Musical Artist Classification with Convolutional Recurrent Neural Networks

Nasrullah, Z. and Zhao, Y., Musical Artist Classification with Convolutional Recurrent Neural Networks. International Joint Conference on Neural Networks (IJCNN), 2019. Accepted, to appear.

Please cite the paper as:

@inproceedings{nasrullah2019music,
  author={Nasrullah, Zain and Zhao, Yue},
  title={Musical Artist Classification with Convolutional Recurrent Neural Networks},
  booktitle={2019 International Joint Conference on Neural Networks (IJCNN)},
  year={2019},
  organization={IEEE}
}

PDF for Personal Use | IJCNN 2019


Introduction

Previous attempts at music artist classification use frame level audio features which summarize frequency content within short intervals of time. Comparatively, more recent music information retrieval tasks take advantage of temporal structure in audio spectrograms using deep convolutional and recurrent models. This paper revisits artist classification with this new framework and empirically explores the impacts of incorporating temporal structure in the feature representation. To this end, an established classification architecture, a Convolutional Recurrent Neural Network (CRNN), is applied to the artist20 music artist identification dataset under a comprehensive set of conditions. These include audio clip length, which is a novel contribution in this work, and previously identified considerations such as dataset split and feature level. Our results improve upon baseline works, verify the influence of the producer effect on classification performance and demonstrate the trade-offs between audio length and training set size. The best performing model achieves an average F1 score of 0.937 across three independent trials which is a substantial improvement over the corresponding baseline under similar conditions. Additionally, to showcase the effectiveness of the CRNN's feature extraction capabilities, we visualize audio samples at the model's bottleneck layer demonstrating that learned representations segment into clusters belonging to their respective artists.

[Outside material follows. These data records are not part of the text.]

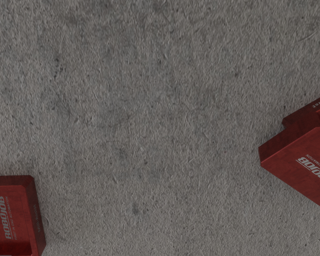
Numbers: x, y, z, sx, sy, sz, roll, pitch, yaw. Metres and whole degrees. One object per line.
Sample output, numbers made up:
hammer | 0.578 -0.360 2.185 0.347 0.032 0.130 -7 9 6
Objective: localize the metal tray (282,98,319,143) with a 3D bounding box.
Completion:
metal tray | 0.242 -0.004 0.408 0.130 0.030 0.090 -32 107 11

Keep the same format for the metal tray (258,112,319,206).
metal tray | 0.206 0.046 0.402 0.130 0.030 0.090 33 127 -18

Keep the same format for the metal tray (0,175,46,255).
metal tray | -0.226 0.134 0.454 0.091 0.030 0.129 -1 110 0
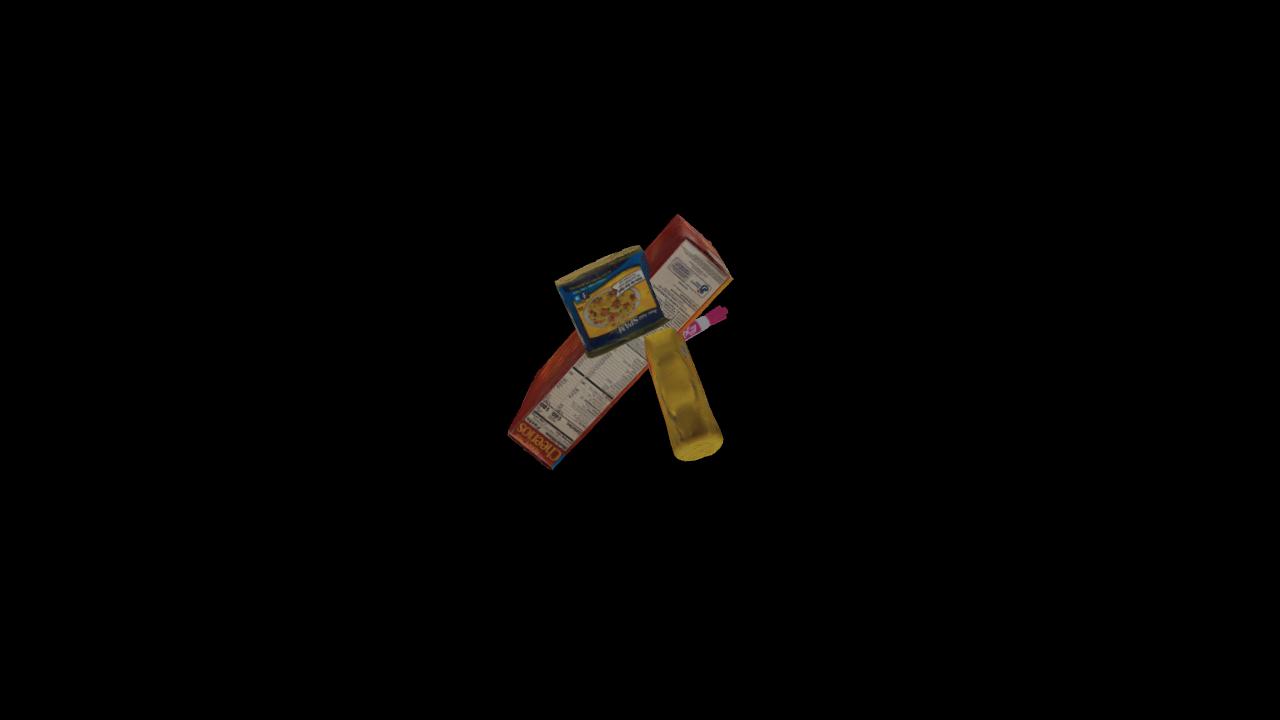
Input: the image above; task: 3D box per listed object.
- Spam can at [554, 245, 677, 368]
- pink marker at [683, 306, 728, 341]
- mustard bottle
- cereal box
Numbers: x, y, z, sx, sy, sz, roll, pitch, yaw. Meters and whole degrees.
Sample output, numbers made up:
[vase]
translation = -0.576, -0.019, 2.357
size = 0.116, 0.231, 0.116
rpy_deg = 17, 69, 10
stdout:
[Spam can]
translation = -0.029, -0.063, 0.649
size = 0.101, 0.085, 0.058
rpy_deg = -27, 17, -8
[pink marker]
translation = 0.055, -0.032, 0.751
size = 0.121, 0.020, 0.020
rpy_deg = -30, 4, -8
[mustard bottle]
translation = 0.036, 0.013, 0.665
size = 0.054, 0.184, 0.092
rpy_deg = -21, -22, 9
[cereal box]
translation = -0.026, -0.031, 0.755
size = 0.081, 0.306, 0.203
rpy_deg = 39, 15, -12
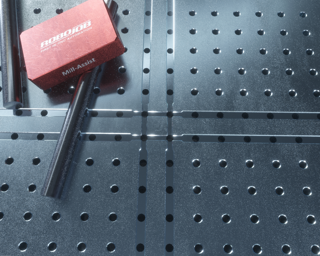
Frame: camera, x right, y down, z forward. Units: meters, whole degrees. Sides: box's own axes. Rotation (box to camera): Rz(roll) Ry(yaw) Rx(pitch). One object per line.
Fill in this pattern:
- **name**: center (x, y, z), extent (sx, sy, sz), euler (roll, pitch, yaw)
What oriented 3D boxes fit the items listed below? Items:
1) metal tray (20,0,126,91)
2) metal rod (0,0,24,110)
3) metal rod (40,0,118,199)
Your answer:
- **metal tray**: center (-0.123, -0.119, 0.431), extent (0.130, 0.030, 0.090), euler (-24, 64, 4)
- **metal rod**: center (-0.231, -0.168, 0.471), extent (0.025, 0.025, 0.299), euler (-11, 70, -4)
- **metal rod**: center (-0.105, -0.053, 0.430), extent (0.025, 0.025, 0.299), euler (11, 70, 4)
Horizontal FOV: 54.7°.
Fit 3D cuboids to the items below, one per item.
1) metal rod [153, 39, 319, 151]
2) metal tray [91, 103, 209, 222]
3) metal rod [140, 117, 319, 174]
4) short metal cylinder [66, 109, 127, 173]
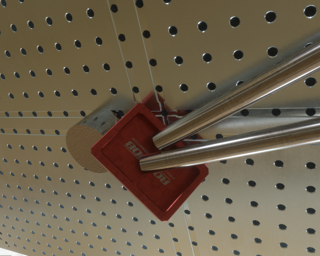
[{"bbox_3d":[0.110,-0.046,0.307,0.299,0.025,0.025,-30,102,32],"label":"metal rod"},{"bbox_3d":[-0.013,0.044,0.401,0.130,0.090,0.030,45,164,-4],"label":"metal tray"},{"bbox_3d":[0.114,0.013,0.331,0.300,0.025,0.025,-14,112,24],"label":"metal rod"},{"bbox_3d":[-0.088,0.019,0.451,0.080,0.050,0.079,13,124,20],"label":"short metal cylinder"}]
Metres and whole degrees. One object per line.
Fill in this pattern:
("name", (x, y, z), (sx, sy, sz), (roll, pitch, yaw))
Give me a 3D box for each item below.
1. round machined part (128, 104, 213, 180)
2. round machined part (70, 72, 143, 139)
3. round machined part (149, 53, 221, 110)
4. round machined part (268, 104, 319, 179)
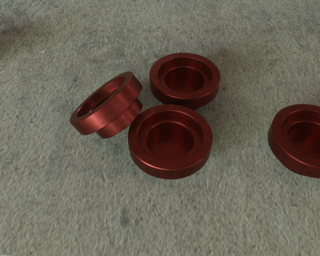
("round machined part", (0.012, 0.020, 0.375), (0.099, 0.042, 0.098), (0, 50, 0))
("round machined part", (-0.061, -0.024, 0.391), (0.098, 0.042, 0.098), (-31, 24, 16))
("round machined part", (0.034, -0.062, 0.445), (0.099, 0.042, 0.098), (0, 50, 0))
("round machined part", (0.181, 0.020, 0.378), (0.099, 0.042, 0.098), (0, 50, 0))
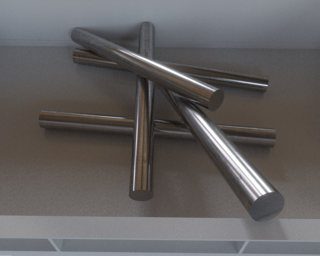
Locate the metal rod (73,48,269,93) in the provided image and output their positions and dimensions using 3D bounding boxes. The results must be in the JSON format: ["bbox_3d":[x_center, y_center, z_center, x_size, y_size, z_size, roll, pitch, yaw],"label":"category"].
[{"bbox_3d":[0.011,-0.091,0.481,0.301,0.025,0.025,10,51,8],"label":"metal rod"}]

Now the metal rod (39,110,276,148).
[{"bbox_3d":[-0.006,0.000,0.404,0.302,0.025,0.025,5,50,4],"label":"metal rod"}]

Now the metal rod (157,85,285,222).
[{"bbox_3d":[0.038,-0.010,0.338,0.025,0.025,0.300,-11,27,-9],"label":"metal rod"}]

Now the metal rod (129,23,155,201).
[{"bbox_3d":[-0.020,-0.046,0.409,0.025,0.025,0.300,0,50,0],"label":"metal rod"}]

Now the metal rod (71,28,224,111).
[{"bbox_3d":[-0.039,-0.091,0.419,0.025,0.025,0.300,-35,45,-25],"label":"metal rod"}]
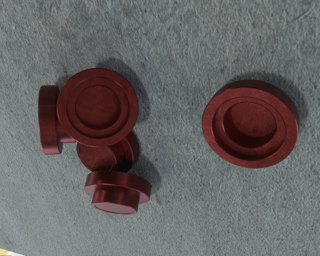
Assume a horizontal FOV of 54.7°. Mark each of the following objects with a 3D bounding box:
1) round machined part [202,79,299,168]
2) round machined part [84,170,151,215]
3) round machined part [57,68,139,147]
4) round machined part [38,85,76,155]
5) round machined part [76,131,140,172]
[{"bbox_3d":[0.099,-0.007,0.339,0.098,0.042,0.097,13,124,21],"label":"round machined part"},{"bbox_3d":[-0.064,0.101,0.463,0.099,0.042,0.098,6,152,4],"label":"round machined part"},{"bbox_3d":[-0.080,-0.027,0.399,0.099,0.042,0.097,-2,99,-15],"label":"round machined part"},{"bbox_3d":[-0.142,-0.012,0.440,0.042,0.098,0.097,-3,125,-12],"label":"round machined part"},{"bbox_3d":[-0.083,0.032,0.460,0.098,0.042,0.097,13,124,21],"label":"round machined part"}]
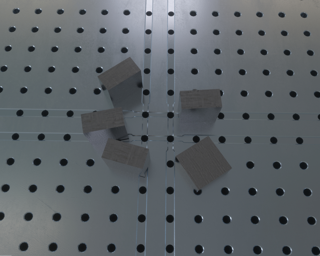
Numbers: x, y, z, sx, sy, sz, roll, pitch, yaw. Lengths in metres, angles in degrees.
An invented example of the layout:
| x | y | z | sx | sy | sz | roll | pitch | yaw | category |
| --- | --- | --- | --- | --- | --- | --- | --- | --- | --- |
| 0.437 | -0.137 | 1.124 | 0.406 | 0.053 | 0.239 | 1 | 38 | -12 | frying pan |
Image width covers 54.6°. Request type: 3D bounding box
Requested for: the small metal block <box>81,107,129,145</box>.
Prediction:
| x | y | z | sx | sy | sz | roll | pitch | yaw | category |
| --- | --- | --- | --- | --- | --- | --- | --- | --- | --- |
| -0.069 | -0.001 | 0.399 | 0.050 | 0.050 | 0.025 | -11 | 71 | -4 | small metal block |

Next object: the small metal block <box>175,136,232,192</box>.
| x | y | z | sx | sy | sz | roll | pitch | yaw | category |
| --- | --- | --- | --- | --- | --- | --- | --- | --- | --- |
| 0.054 | 0.046 | 0.395 | 0.050 | 0.025 | 0.050 | -31 | 73 | -11 | small metal block |

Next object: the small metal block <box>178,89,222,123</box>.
| x | y | z | sx | sy | sz | roll | pitch | yaw | category |
| --- | --- | --- | --- | --- | --- | --- | --- | --- | --- |
| 0.051 | -0.028 | 0.409 | 0.050 | 0.050 | 0.025 | -3 | 70 | -1 | small metal block |

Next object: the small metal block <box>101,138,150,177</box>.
| x | y | z | sx | sy | sz | roll | pitch | yaw | category |
| --- | --- | --- | --- | --- | --- | --- | --- | --- | --- |
| -0.040 | 0.038 | 0.385 | 0.050 | 0.050 | 0.025 | 15 | 71 | 5 | small metal block |

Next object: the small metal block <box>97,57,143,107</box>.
| x | y | z | sx | sy | sz | roll | pitch | yaw | category |
| --- | --- | --- | --- | --- | --- | --- | --- | --- | --- |
| -0.052 | -0.062 | 0.421 | 0.050 | 0.050 | 0.025 | -34 | 74 | -11 | small metal block |
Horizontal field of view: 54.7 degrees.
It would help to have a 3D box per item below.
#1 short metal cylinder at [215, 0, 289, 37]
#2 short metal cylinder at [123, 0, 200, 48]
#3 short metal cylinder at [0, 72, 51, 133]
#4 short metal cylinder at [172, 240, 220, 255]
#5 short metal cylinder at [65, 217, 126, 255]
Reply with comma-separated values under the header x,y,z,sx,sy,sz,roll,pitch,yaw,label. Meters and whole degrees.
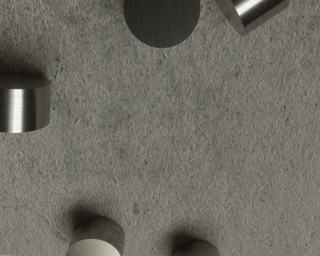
x,y,z,sx,sy,sz,roll,pitch,yaw,label
0.090,-0.146,0.327,0.050,0.080,0.080,-33,107,11,short metal cylinder
0.002,-0.133,0.347,0.081,0.050,0.079,0,110,0,short metal cylinder
-0.172,-0.033,0.367,0.081,0.080,0.050,8,110,-3,short metal cylinder
0.058,0.223,0.479,0.081,0.050,0.079,0,110,0,short metal cylinder
-0.094,0.181,0.462,0.081,0.050,0.079,0,110,0,short metal cylinder
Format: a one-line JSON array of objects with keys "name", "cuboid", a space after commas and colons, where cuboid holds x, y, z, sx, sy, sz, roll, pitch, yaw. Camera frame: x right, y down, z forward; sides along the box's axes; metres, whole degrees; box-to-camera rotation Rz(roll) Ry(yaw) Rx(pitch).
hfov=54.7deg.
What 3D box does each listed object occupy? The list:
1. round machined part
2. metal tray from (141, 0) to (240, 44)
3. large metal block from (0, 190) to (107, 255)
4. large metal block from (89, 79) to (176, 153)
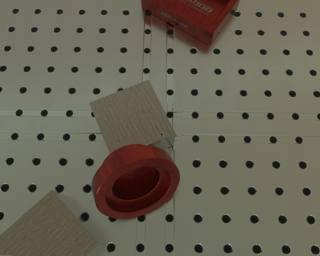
[{"name": "round machined part", "cuboid": [-0.030, 0.057, 0.358, 0.099, 0.098, 0.042, -23, 45, -8]}, {"name": "metal tray", "cuboid": [0.047, -0.199, 0.481, 0.130, 0.030, 0.090, 32, 73, 11]}, {"name": "large metal block", "cuboid": [-0.121, 0.130, 0.350, 0.080, 0.050, 0.080, -43, 76, -14]}, {"name": "large metal block", "cuboid": [-0.035, -0.004, 0.399, 0.080, 0.050, 0.080, -23, 72, -8]}]
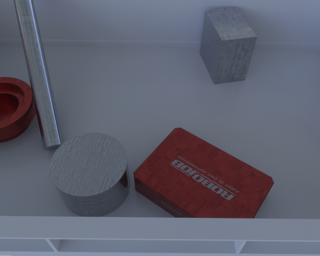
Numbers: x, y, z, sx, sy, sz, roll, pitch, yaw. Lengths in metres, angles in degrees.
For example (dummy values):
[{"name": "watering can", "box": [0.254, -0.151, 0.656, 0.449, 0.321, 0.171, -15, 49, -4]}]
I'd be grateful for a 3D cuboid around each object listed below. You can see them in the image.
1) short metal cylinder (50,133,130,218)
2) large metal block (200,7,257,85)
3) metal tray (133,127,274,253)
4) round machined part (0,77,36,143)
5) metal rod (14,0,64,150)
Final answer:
[{"name": "short metal cylinder", "box": [-0.075, 0.052, 0.345, 0.081, 0.050, 0.080, 0, 50, 0]}, {"name": "large metal block", "box": [0.101, -0.126, 0.477, 0.050, 0.080, 0.080, -9, 51, -8]}, {"name": "metal tray", "box": [0.047, 0.063, 0.349, 0.130, 0.030, 0.090, 30, 56, 22]}, {"name": "round machined part", "box": [-0.212, -0.020, 0.408, 0.099, 0.042, 0.098, 0, 50, 0]}, {"name": "metal rod", "box": [-0.172, -0.117, 0.415, 0.025, 0.025, 0.299, -14, 78, -11]}]
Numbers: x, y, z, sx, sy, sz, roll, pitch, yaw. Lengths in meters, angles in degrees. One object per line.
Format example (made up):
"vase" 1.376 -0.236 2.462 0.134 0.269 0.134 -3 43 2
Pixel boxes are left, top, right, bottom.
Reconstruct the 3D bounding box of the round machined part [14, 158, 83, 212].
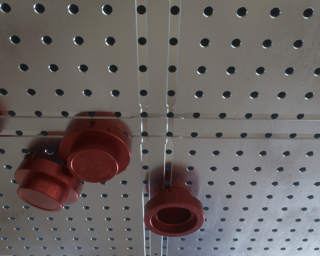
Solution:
"round machined part" -0.169 0.090 0.459 0.098 0.042 0.098 10 140 9

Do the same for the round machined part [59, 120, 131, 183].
"round machined part" -0.091 0.039 0.433 0.099 0.042 0.097 0 130 0

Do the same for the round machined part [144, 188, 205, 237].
"round machined part" 0.023 0.137 0.517 0.099 0.042 0.097 0 130 0
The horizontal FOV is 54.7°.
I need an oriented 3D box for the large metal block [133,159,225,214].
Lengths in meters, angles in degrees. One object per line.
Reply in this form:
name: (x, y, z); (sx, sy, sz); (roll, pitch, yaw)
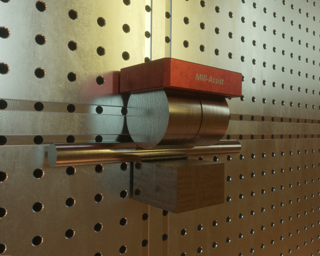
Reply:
large metal block: (0.023, 0.067, 0.388); (0.081, 0.080, 0.050); (1, 90, -40)

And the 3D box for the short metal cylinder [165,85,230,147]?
short metal cylinder: (0.043, -0.015, 0.406); (0.050, 0.080, 0.080); (2, 89, -40)

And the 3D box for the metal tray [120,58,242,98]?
metal tray: (0.028, -0.056, 0.386); (0.131, 0.090, 0.030); (1, 89, -40)

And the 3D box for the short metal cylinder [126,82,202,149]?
short metal cylinder: (0.003, -0.016, 0.373); (0.050, 0.080, 0.079); (1, 90, -40)

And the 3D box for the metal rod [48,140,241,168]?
metal rod: (0.007, 0.030, 0.410); (0.302, 0.025, 0.025); (1, 90, -40)
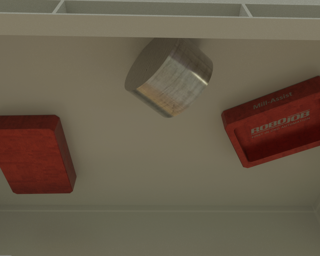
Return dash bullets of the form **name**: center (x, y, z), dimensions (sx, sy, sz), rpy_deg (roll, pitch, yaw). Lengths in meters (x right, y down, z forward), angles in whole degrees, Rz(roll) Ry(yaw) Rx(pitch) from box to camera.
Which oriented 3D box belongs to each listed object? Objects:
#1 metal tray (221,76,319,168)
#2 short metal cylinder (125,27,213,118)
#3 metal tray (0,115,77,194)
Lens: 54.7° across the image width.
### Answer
- **metal tray**: center (0.158, -0.003, 0.405), dimensions (0.130, 0.030, 0.090), rpy_deg (-21, 128, 16)
- **short metal cylinder**: center (0.008, -0.057, 0.324), dimensions (0.050, 0.080, 0.080), rpy_deg (36, 121, -27)
- **metal tray**: center (-0.178, 0.041, 0.439), dimensions (0.091, 0.030, 0.129), rpy_deg (-1, 130, 0)
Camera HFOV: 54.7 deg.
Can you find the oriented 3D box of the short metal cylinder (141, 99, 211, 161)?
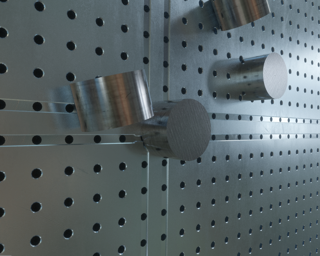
[{"bbox_3d":[0.022,0.002,0.414,0.081,0.050,0.079,-1,91,-40],"label":"short metal cylinder"}]

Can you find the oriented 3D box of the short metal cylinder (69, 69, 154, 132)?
[{"bbox_3d":[-0.050,-0.031,0.333,0.081,0.080,0.050,-20,103,-39],"label":"short metal cylinder"}]

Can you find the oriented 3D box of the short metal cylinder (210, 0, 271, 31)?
[{"bbox_3d":[0.125,-0.191,0.480,0.080,0.080,0.050,-38,114,-34],"label":"short metal cylinder"}]

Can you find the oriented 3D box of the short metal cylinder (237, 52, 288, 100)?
[{"bbox_3d":[0.182,-0.090,0.549,0.081,0.050,0.079,0,90,-40],"label":"short metal cylinder"}]
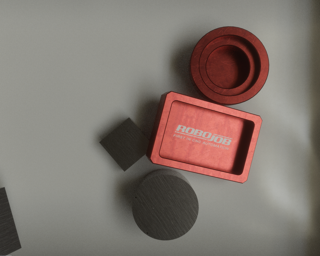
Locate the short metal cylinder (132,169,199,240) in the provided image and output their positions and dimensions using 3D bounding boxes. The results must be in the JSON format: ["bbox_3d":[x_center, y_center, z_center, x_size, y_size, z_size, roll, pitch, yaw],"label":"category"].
[{"bbox_3d":[0.007,0.096,0.399,0.081,0.050,0.079,0,90,-1],"label":"short metal cylinder"}]

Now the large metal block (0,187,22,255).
[{"bbox_3d":[-0.228,0.124,0.374,0.050,0.081,0.080,-15,90,40],"label":"large metal block"}]

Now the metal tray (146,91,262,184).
[{"bbox_3d":[0.057,0.013,0.396,0.131,0.030,0.089,14,90,-12],"label":"metal tray"}]

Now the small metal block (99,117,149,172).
[{"bbox_3d":[-0.043,0.021,0.411,0.050,0.025,0.050,-40,90,0],"label":"small metal block"}]

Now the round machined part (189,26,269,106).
[{"bbox_3d":[0.086,-0.078,0.404,0.099,0.042,0.097,0,90,-1],"label":"round machined part"}]
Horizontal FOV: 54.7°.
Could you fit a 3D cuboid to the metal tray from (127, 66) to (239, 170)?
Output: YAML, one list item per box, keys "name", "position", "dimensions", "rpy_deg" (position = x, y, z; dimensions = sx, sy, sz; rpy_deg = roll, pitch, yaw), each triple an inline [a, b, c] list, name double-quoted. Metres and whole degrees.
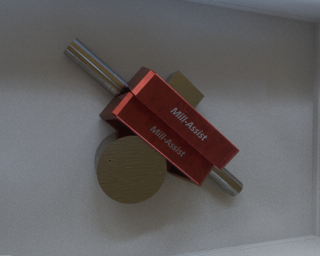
- name: "metal tray"
  position: [0.023, -0.014, 0.357]
  dimensions: [0.130, 0.090, 0.030]
  rpy_deg: [41, 94, -16]

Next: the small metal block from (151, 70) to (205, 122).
- name: "small metal block"
  position: [0.023, -0.041, 0.418]
  dimensions: [0.050, 0.025, 0.050]
  rpy_deg: [42, 76, -16]

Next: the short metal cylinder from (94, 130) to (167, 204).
- name: "short metal cylinder"
  position: [-0.037, 0.045, 0.377]
  dimensions: [0.081, 0.050, 0.079]
  rpy_deg: [-2, 98, -15]

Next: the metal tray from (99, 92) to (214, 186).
- name: "metal tray"
  position: [-0.007, 0.014, 0.373]
  dimensions: [0.130, 0.090, 0.030]
  rpy_deg: [41, 77, -16]

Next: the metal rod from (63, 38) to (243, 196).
- name: "metal rod"
  position: [0.002, -0.005, 0.412]
  dimensions: [0.300, 0.025, 0.025]
  rpy_deg: [41, 77, -16]
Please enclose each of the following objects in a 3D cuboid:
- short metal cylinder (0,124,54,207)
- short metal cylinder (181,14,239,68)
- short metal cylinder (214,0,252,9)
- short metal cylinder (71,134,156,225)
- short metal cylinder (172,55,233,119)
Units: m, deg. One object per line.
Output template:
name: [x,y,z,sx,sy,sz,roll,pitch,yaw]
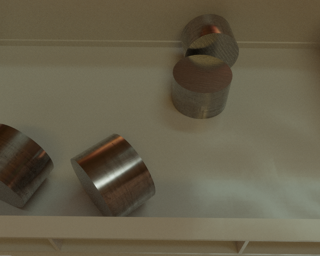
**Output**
short metal cylinder: [-0.165,0.041,0.334,0.080,0.080,0.050,19,53,15]
short metal cylinder: [0.075,-0.125,0.475,0.081,0.080,0.050,-4,50,-3]
short metal cylinder: [0.153,-0.288,0.634,0.080,0.050,0.080,0,50,0]
short metal cylinder: [-0.050,0.053,0.325,0.050,0.080,0.080,-33,57,-24]
short metal cylinder: [0.058,-0.059,0.439,0.080,0.050,0.080,0,50,0]
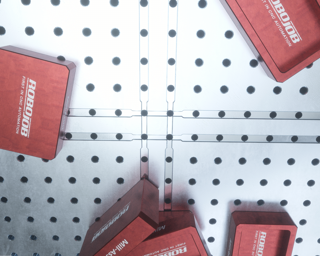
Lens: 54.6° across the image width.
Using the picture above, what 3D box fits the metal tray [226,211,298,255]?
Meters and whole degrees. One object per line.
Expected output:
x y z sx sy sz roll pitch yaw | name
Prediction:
0.153 0.194 0.483 0.090 0.030 0.129 2 110 -1 | metal tray

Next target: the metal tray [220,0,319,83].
0.142 -0.130 0.363 0.090 0.030 0.130 -35 107 12 | metal tray

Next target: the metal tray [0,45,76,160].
-0.167 -0.030 0.398 0.090 0.030 0.129 14 109 -5 | metal tray

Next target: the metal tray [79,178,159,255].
-0.057 0.139 0.429 0.030 0.090 0.130 43 105 -14 | metal tray

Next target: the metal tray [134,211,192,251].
0.006 0.193 0.481 0.090 0.030 0.129 -1 110 0 | metal tray

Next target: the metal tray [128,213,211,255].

Convolutional Recurrent Neural Network

Dependency

The experiment code is writen in Python 3.6 and built on a number of Python packages including (but not limited to):

  • dill==3.2.8.2
  • h5py==2.8.0
  • Keras==3.1.1
  • librosa==1.5.1
  • matplotlib==3.2.3
  • numpy==2.14.5
  • pandas==1.23.4
  • scikit-learn==1.20.0
  • scipy==2.1.0
  • seaborn==1.9.0
  • tensorflow==2.10.0

Batch installation is possible using the supplied "requirements.txt" with pip or conda.

pip install -r requirements.txt

Additional install details (recommended for replication and strong performance):

  • Python: 3.6.6
  • GPU: Nvidia GTX 1080 (Driver: 390.87)
  • CUDA: 8.0
  • CUDNN: 7.0.5
  • ffmpeg is required by Librosa to convert audio files into spectrograms.

Datasets

This study primarily uses the artist20 musical artist identification dataset by Labrosa [1]. The data is accessible upon request from https://labrosa.ee.columbia.edu/projects/artistid/.

The main characteristics of the dataset can be summarized as:

Property Value
# of Tracks 1,413
# of Artists 20
Albums per Artist 6
Bitrate 32 kbps
Sample Rate 16 kHz
Channels Mono

The figure below visualizes three seconds of the mel-scaled audio spectrogram for a randomly sampled song from each artist. This is the primary data representation used in the paper.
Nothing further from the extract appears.